Segment Open

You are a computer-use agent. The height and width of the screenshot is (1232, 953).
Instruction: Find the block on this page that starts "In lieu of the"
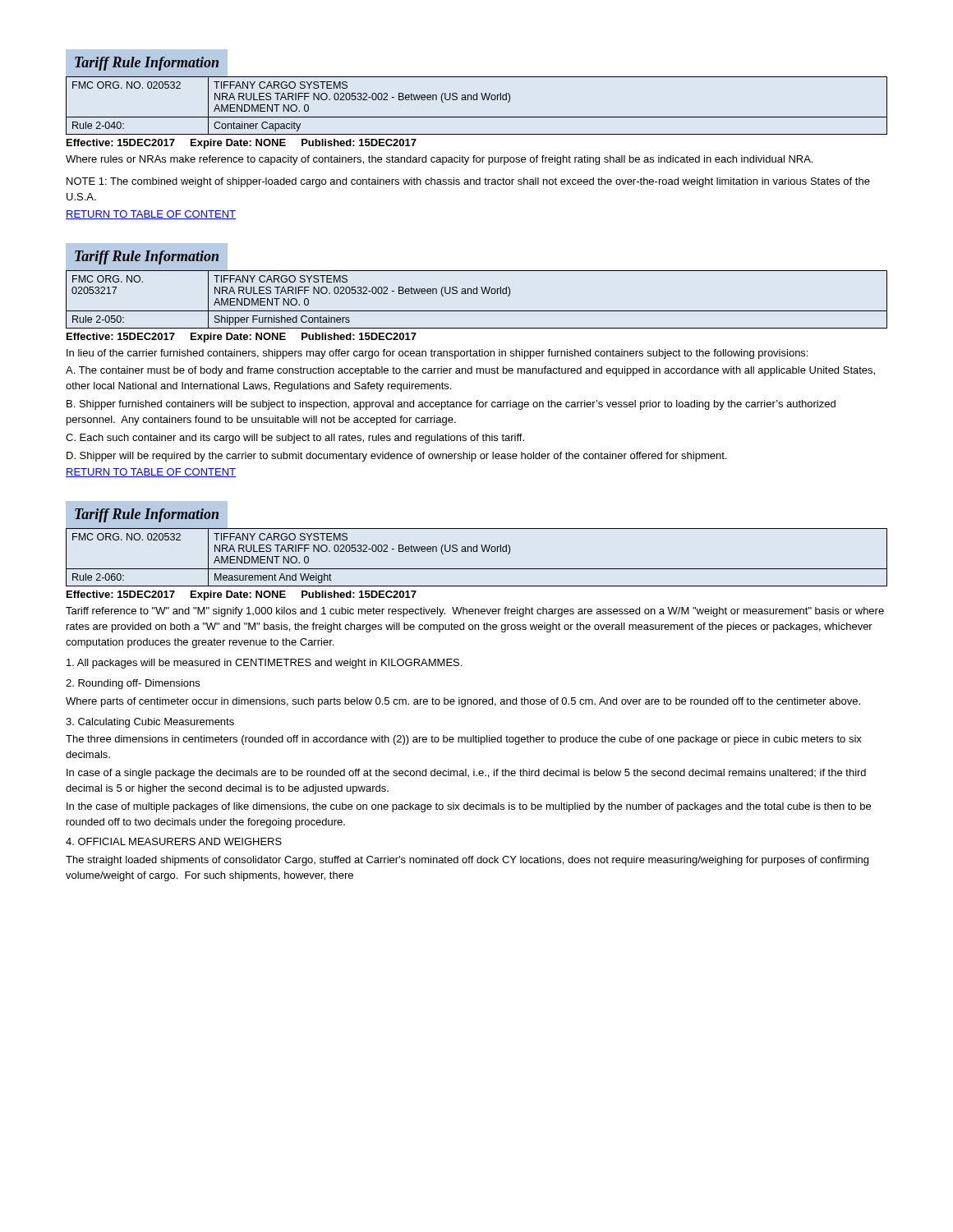(x=437, y=352)
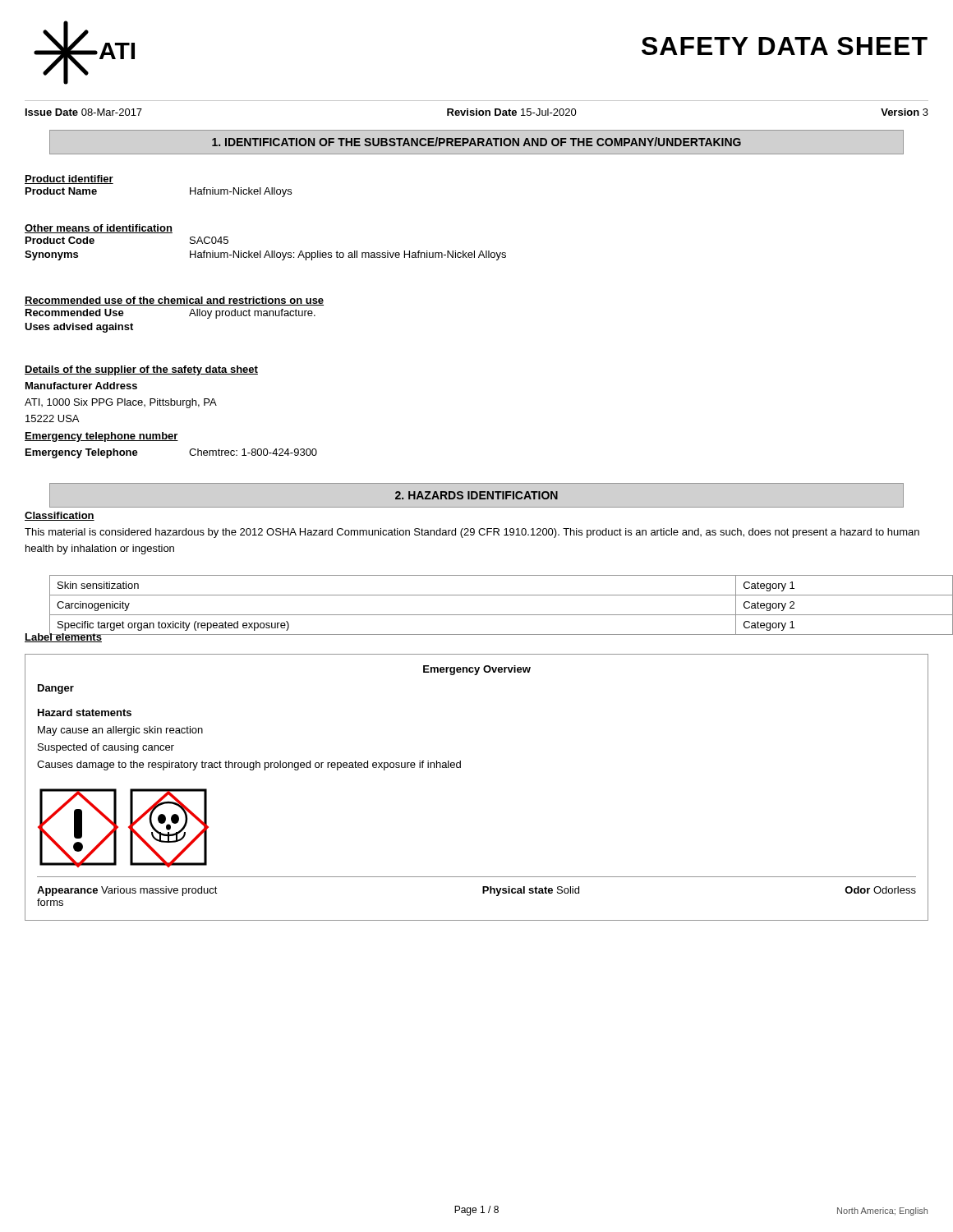Find the text containing "Hazard statements"
This screenshot has height=1232, width=953.
(x=84, y=712)
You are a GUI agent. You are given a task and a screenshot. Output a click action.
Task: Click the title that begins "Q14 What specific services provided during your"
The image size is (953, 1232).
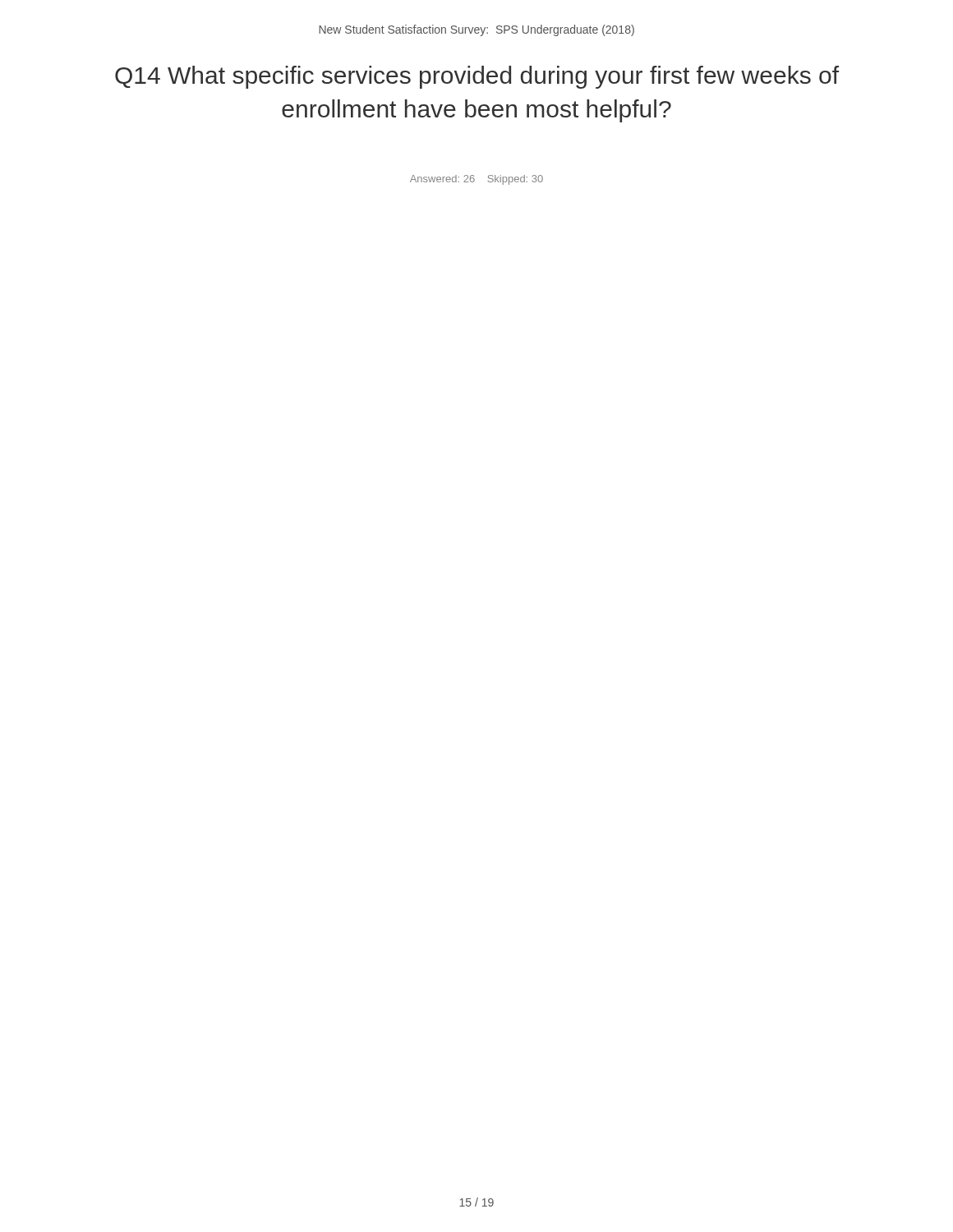pyautogui.click(x=476, y=92)
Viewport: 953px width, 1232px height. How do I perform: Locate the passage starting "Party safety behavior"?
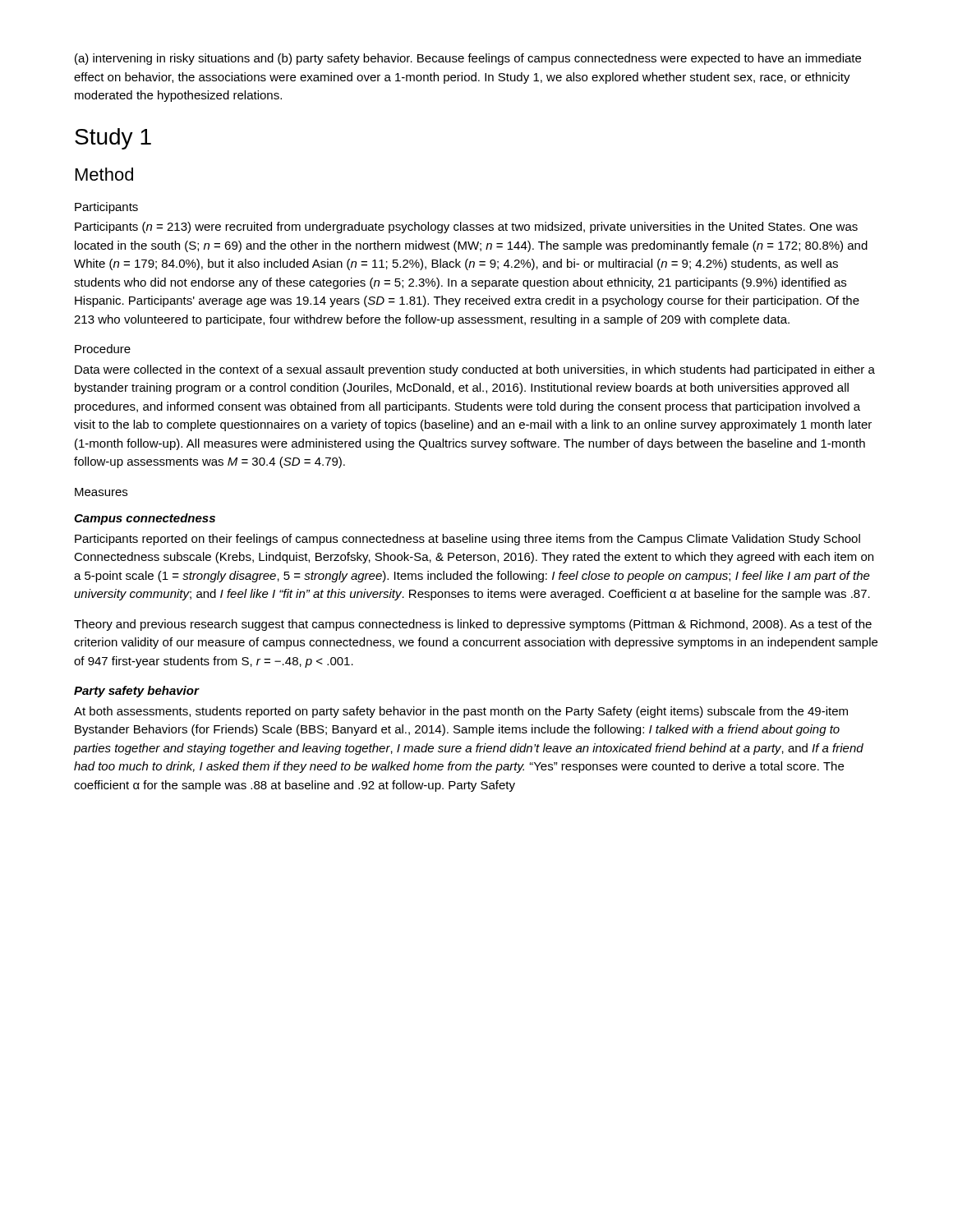coord(136,691)

Segment Closed

**TASK INSTRUCTIONS:** Using the data above, say how many lines include the word "agent". Write only that number.

**SOLUTION FOR THIS EXERCISE:** 2